My fish are the same aqua color you might see on a 1956 Buick, and these little guys have Attitude in the same way the butler Jeeves does: upturned nose, a no-nonsense, disapproving gaze. The dorsal fin is part of a lid that lifts off. I thought: how clever, inside this little critter you could store sugar packets, cotton balls, spare change, or anything you really wanted to hide, like your Rolex or great-grandmother’s diamonds, because no burglar worth his watch cap would give these fish a second look. In the Thrift Mart, they stuck out from the surrounding mugs, wicker baskets, picture frames, candle holders and lamps, but that’s only because I have a well developed fish-interceptor sense.

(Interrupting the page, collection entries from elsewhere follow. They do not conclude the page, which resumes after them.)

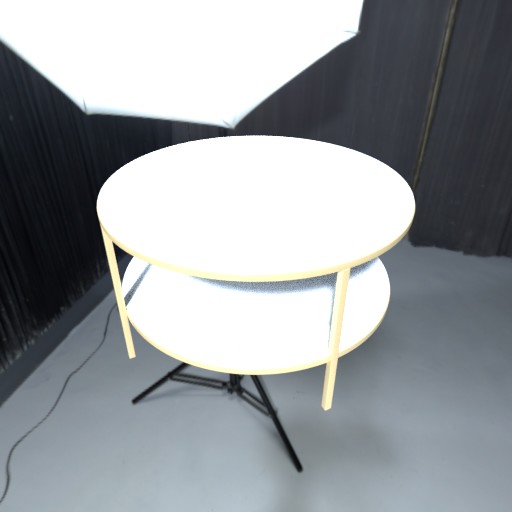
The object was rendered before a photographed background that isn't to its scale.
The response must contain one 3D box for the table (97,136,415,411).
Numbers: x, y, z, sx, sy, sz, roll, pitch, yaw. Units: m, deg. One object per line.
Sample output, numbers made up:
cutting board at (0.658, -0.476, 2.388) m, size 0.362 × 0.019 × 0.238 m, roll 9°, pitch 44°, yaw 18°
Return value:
table at (0.000, 0.000, 1.281) m, size 0.800 × 0.450 × 0.800 m, roll 0°, pitch 33°, yaw 0°
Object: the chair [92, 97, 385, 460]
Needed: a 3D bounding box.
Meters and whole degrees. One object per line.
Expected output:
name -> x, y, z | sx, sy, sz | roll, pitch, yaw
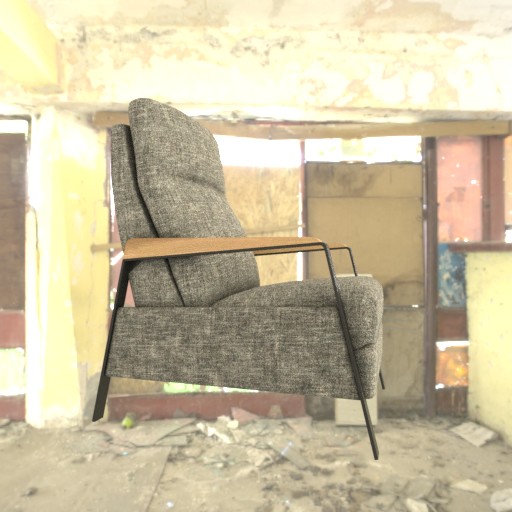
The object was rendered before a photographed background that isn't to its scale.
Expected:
chair -> 0.000, 0.000, 1.580 | 0.868, 1.042, 0.671 | 0, 0, 18
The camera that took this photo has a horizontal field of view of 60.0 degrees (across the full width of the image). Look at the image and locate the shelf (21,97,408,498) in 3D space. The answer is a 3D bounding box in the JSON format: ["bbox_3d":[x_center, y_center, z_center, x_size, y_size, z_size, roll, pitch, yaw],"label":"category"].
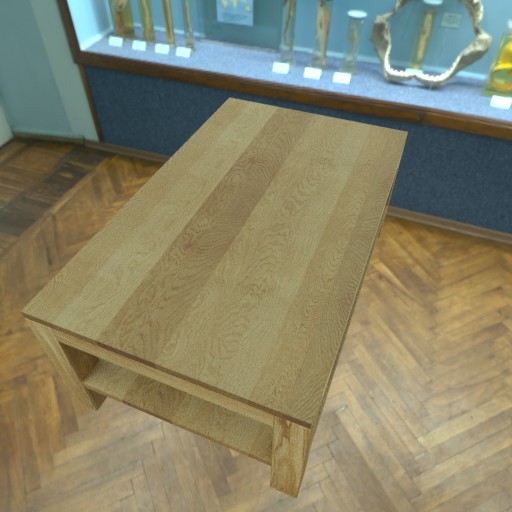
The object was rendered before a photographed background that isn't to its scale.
[{"bbox_3d":[0.000,0.000,1.459,0.700,0.450,1.150,16,48,15],"label":"shelf"}]
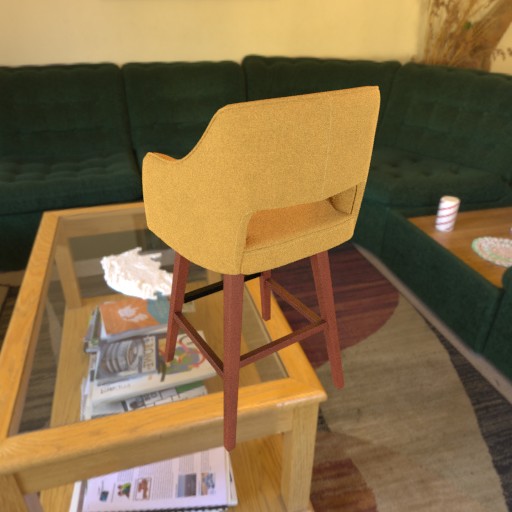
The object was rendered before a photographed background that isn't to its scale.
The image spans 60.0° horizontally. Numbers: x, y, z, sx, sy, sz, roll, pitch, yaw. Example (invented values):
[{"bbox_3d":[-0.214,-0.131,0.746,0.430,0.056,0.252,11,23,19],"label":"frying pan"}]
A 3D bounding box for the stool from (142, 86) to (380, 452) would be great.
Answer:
[{"bbox_3d":[0.000,0.000,1.336,0.548,1.012,0.558,-18,35,-28],"label":"stool"}]
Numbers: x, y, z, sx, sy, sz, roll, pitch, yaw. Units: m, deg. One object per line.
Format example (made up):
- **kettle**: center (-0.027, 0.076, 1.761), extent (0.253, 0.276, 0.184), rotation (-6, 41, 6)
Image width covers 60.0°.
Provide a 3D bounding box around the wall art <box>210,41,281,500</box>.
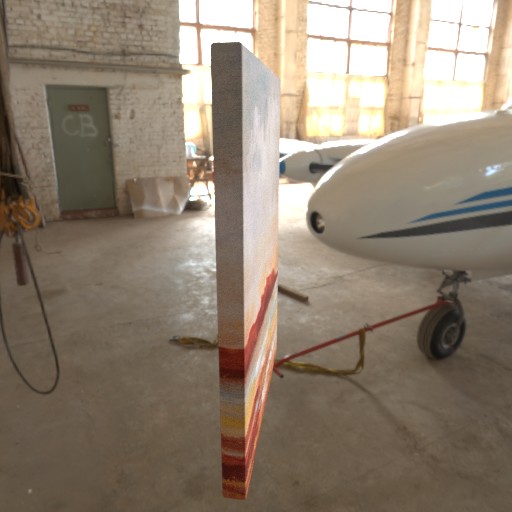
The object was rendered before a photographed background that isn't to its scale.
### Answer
- **wall art**: center (0.000, 0.000, 0.763), extent (0.035, 0.605, 0.443), rotation (2, 17, 8)
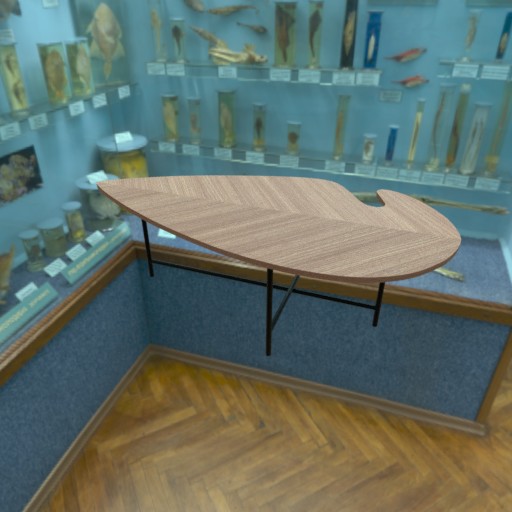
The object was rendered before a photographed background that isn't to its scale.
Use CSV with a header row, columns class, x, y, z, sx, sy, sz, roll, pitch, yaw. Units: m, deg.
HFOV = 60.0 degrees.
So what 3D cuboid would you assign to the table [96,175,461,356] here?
class,x,y,z,sx,sy,sz,roll,pitch,yaw
table,0.000,0.000,1.486,1.199,0.360,0.598,11,33,17

It wasn’t until I got the fish home that I flipped them over and looked at the bottoms. Yeah, I know, all serious antiques aficionados always check out the bottom of plates, figurines, and vases, looking for Really Important Manufacturers. Not me. I’m thinking of color and function. They either work in the d├ęcor, or they don’t come home with me.

The Really Important Manufacturer information on the bottom of the fish turned out to be “Made in California.” But the oddity was the “Chicken Of The Sea Tuna Baker-Salad Server” line just below it. We all grew up eating Chicken Of The Sea tuna. In fact, my mother served me so many Chicken Of The Sea tunafish sandwiches for school lunches I pretty much cannot look tunafish in the face even today. But I had no memory of ever seeing a Chicken Of The Sea Tuna-Baker-Salad Server when I was growing up.

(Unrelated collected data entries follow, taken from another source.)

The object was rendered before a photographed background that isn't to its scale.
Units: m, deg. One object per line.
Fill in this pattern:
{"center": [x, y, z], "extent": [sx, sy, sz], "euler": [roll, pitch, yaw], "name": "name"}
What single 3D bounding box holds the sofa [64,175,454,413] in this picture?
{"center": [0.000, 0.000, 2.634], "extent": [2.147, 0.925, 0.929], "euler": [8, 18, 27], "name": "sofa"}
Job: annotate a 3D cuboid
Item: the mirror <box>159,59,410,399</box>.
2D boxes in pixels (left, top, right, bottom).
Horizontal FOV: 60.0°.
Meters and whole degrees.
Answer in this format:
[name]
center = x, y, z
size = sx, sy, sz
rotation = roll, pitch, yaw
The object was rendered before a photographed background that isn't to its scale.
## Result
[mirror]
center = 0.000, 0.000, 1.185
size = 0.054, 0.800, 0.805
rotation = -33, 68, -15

To the internet I went. In among the links to various tuna recipes (flipped past those real fast!) I found a few sites by folks selling various retro and classic ceramic items. And there was my fish, along with this information: “Bauer Pottery made this individual... tuna fish baker as a promotion for Chicken of the Sea in the 1940s.” Apparently the fish were available in several colors: green, yellow, red, and burgundy. Originally they came with a metal stand that fit snugly around the fish’s bottom section. Mine have no stand, but whataya want for a buck fifty?
You can purchase one of these fish online for $48 to $59, plus shipping.

Well. I’ve been looking at my fish more respectfully now. Obviously there is a reason they have Attitude. They are Fish with a West Coast pedigree. Fish made by an actual serious Art Pottery. Fish that can be viewed as a nest egg, instead of simply a vessel to hold a nest egg. I’ll keep them safe and warm.

And you can bet I won’t be using them to serve tunafish. 

Thank you Janice, for giving me the night off to get an extra hour of sleep..maybe.